> [TASK DESCRIPTION]: Every line from the one containing "Now the delivery robot (0,842,141,994)." through the last line below should be reproduced exactly; please include nothing else.
-- Opening Marker --
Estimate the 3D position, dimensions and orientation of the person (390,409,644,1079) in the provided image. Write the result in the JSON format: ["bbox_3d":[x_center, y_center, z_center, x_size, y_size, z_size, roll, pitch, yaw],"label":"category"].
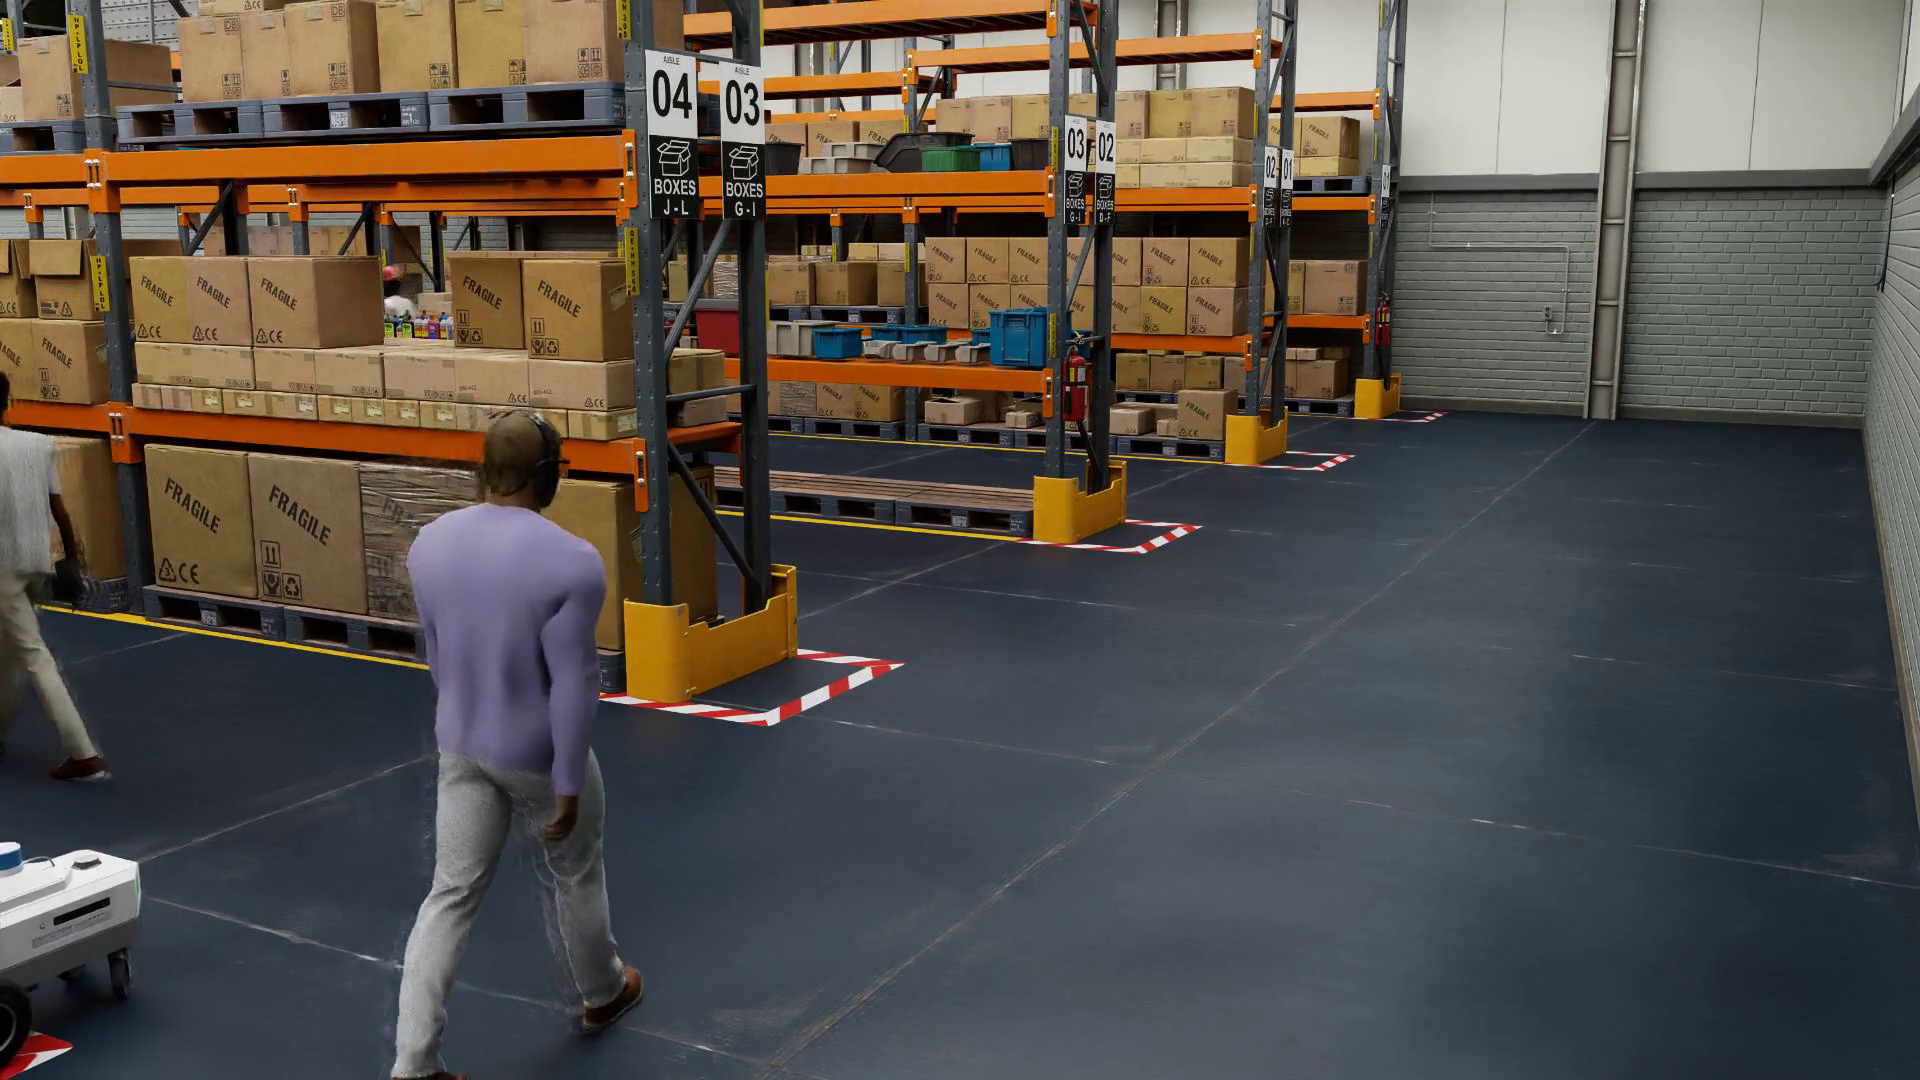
[{"bbox_3d":[-1.257,0.589,4.578,0.637,1.895,1.011,3,11,17],"label":"person"}]

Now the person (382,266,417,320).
[{"bbox_3d":[-6.374,-2.040,18.577,1.009,1.994,0.648,4,11,21],"label":"person"}]

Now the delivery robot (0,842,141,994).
[{"bbox_3d":[-2.816,1.140,4.928,0.477,0.478,0.707,6,12,27],"label":"delivery robot"}]

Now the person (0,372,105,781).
[{"bbox_3d":[-4.148,0.142,7.215,1.001,1.803,0.535,4,11,19],"label":"person"}]
-- Closing Marker --
> [FINISHED EXERCISE]:
Now the delivery robot (0,842,141,994).
[{"bbox_3d":[-2.816,1.140,4.928,0.477,0.478,0.707,6,12,27],"label":"delivery robot"}]

Now the person (0,372,105,781).
[{"bbox_3d":[-4.148,0.142,7.215,1.001,1.803,0.535,4,11,19],"label":"person"}]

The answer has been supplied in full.